In a perfect world I'd have the Tiger, a sports bike and a light dual sport.  A generalist, a tarmac specialist and an off-road specialist.  Time to peruse the Ontario used bike market.

There's a dual sport in need of some mechanical sympathy.  These typically go for twice what he's asking.  Parts are accessible and not particularly expensive.  There is a complete, virtually new head on ebay for about $760CAD.  If I could get the purchasing price down to $2200, I could have a virtually new Honda dualsport for three grand that would be worth twice that.

The worrying bit is this guy managed to blow a Honda engine, which are famous for being bulletproof.  If it has been abused (the dent in the tank suggests it's been dropped, though it's a dualsport that goes off road, so I shouldn't read too much into that) then the engine could have more major damage and require big end cranks and such, which could make this a money hole.

The fact that it runs is promising and it does sound like a top end issue - but I'm guessing it's a head replacement or major remachining situation.  It's an air cooled single cylinder, so after the complexity of  the water cooled, four cylinder Concours, this'd be lawn mower simple.  I'm tempted.

I've always had a soft spot for VFR Interceptors, and this lovely example is up for sale at a pretty reasonable price considering how much work has gone into it.  Hugo, the editor of BIKE Magazine recently got one of these and went on and on about how bullet proof they were, so even an older machine like this would be readily usable.

With this RC-36-2, last gen version you get a VFR at the pinnacle of its Honda evolution.  It's technically considered a sport-touring bike, so you don't get caned in Ontario's ridiculous insurance system, and it weighs less than 200 kilos, which would make it the lightest road bike (ignoring the KLX250, which wasn't really a road bike) I've ever owned.

If I could get it for $3500, I'd be able to ride it for years.  Rather than depend singularly on the now 16 year old Tiger, I could split duties between a generalist and a road specialist.  This too is tempting.

It'd be nice to have both, the XR as a project and the VFR as an immediate gratification machine; they would make for a very diverse garage.  I think I could have both on the road for just over six grand CAD.

Saturday, 9 August 2014

Dreams and Realities

It's the bike on my bedroom wall when I was a kid.
As near as I can tell the '84 Interceptor is still for sale, though the owner isn't responsive to emails.  I'll end up phoning and see if I can get up there next week to look at it.

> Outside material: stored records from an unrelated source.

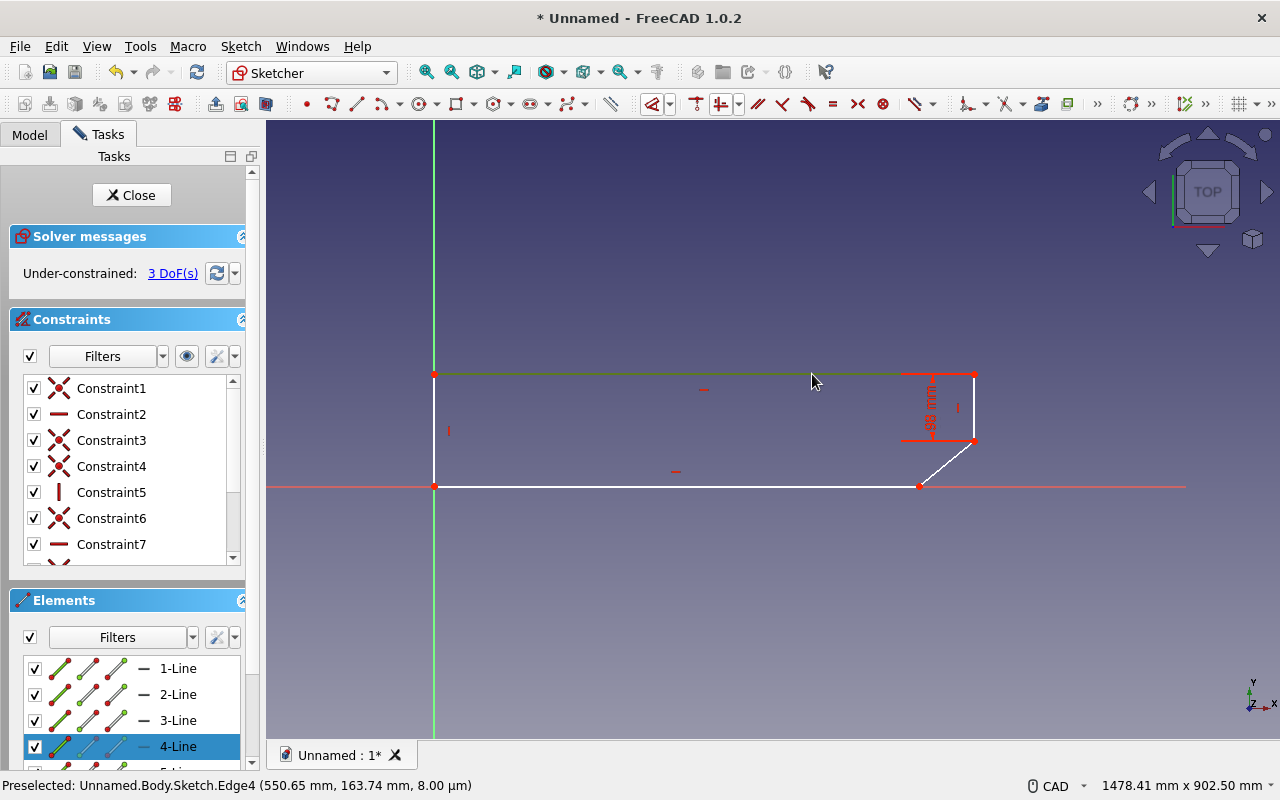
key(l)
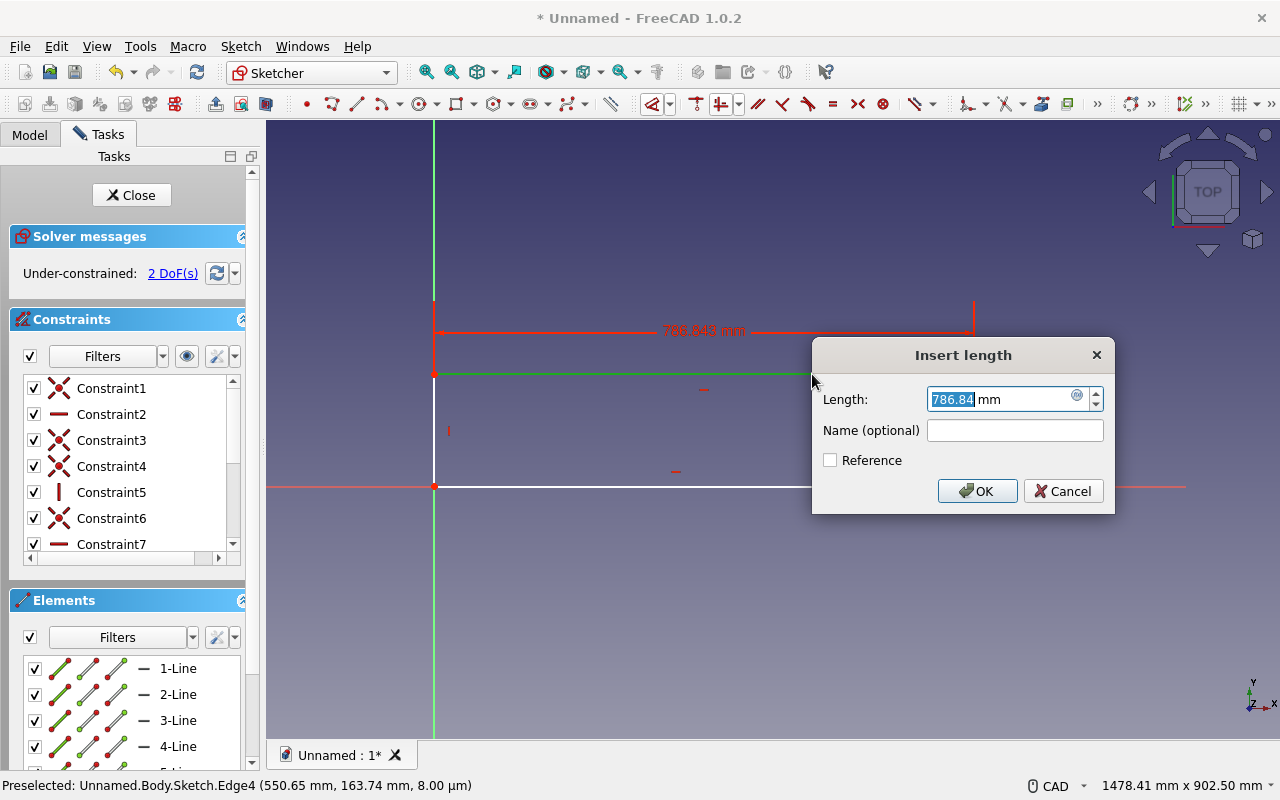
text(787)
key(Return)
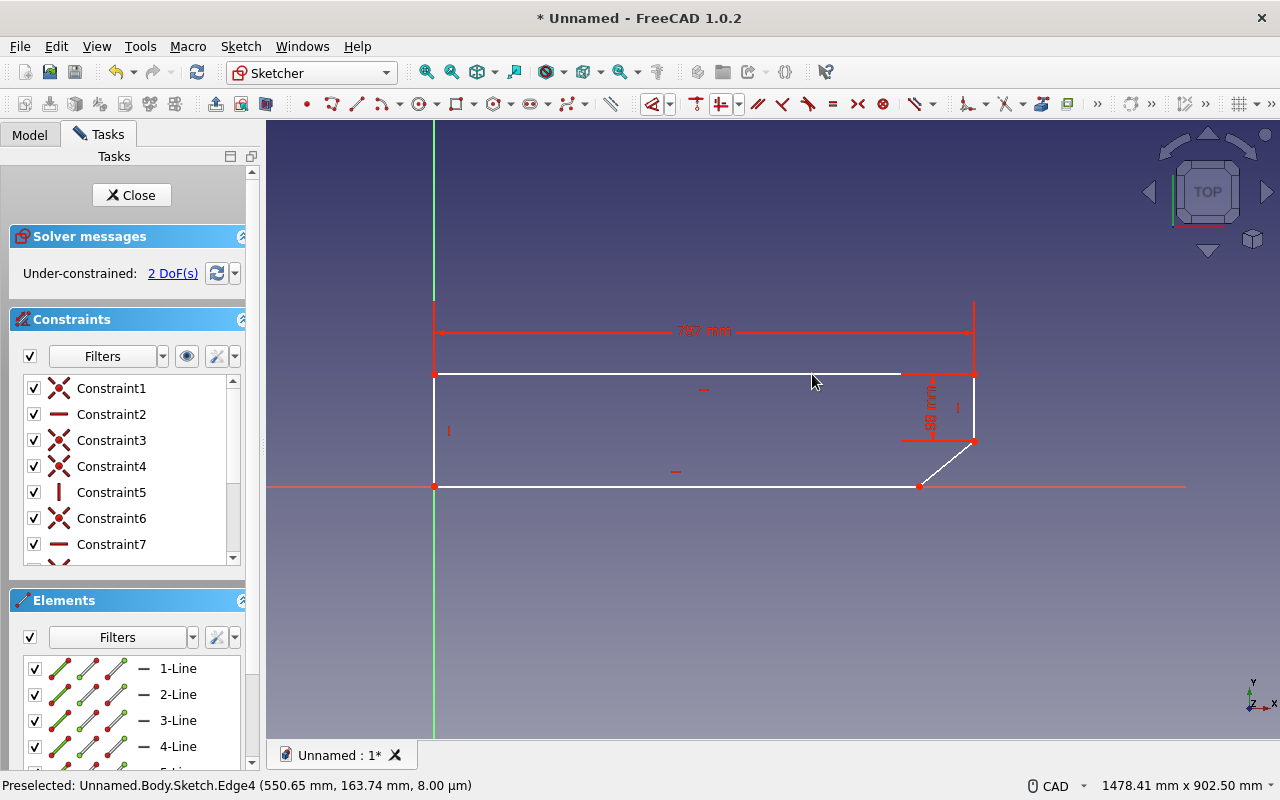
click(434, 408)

In the meantime, a Concours appeared nearby that looks like a good buy.  Mechanically good but a bit rough looking, it's priced to sell.

So here I am again at the intersection of fantasy and reality, wondering which way to turn.  The Interceptor isn't running, will need a complete rebuild (it's been sitting for a decade), and costs $700.  It's also a good couple of hours away and would need me to find/rent a vehicle to bring it home.  The Concours is twenty minutes away, roadworthy and is $1000 or best offer.  Price wise there is little between them.

Owning a bike at all is a dream come true, so the dream versus reality distinction is finer here.  The question now is which direction do I want to go next?  Last year I did a lot of miles on the Ninja.  This year I've been riding a lot of different bikes and the Ninja hasn't seen me as much.  I want to continue to expand my riding repertoire.  Both bikes offer bigger engines and variations on the sport touring theme.  The Interceptor would be my first Honda, the Kawi would introduce me to shaft drive.

The purpose of buying a fixer-upper is to have something to spanner in the winter months, so the idea of repairing the Honda isn't fearsome, it's something I'd look forward to, and parts seem to be available for it.  There are also a lot of information sites on the web about it.  I'd always assumed I'd buy a Honda bike, but I've been waylayed by Kawasaki's awesomeness.  I'm trying not to be brand specific but rather honour the engineering.  Having said that, I've always had a crush on Hondas and Triumphs.

She doesn't look like much, but she's got it where
it counts... If it worked for Han Solo, it'll work for me.
Is this my diamond in the rough?
That Concours needs some TLC too though.  The Concours is ten years newer with lower kilometres.  This seems like a no-brainer, but this is where emotion clouds the decision.  The Interceptor has been my dream machine forever, I've always wanted to own one.  The Concours is a much more usable machine.  My son and I could tour on it comfortably and do a lot of miles.

The Concours is also a gentler machine, and while I'm still an adolescent when it comes to riding a motorcycle, I'm 45 years old otherwise.  That the Concours is a big guy who can move with surprising speed is a much better fit for this balding, middle age guy than an '80s superbike.  There comes a time when you don't want to look absurd on a bike, or maybe that just doesn't matter.

In a more perfect world I'd have a big enough garage to get both.  The Interceptor would get stripped down and prepped as a vintage race bike.  I could then live out my dreams of riding it on the safety of a track.  The Concours would get fixed up and cover some huge miles, occasionally finding some twisties to show off its athletic prowess.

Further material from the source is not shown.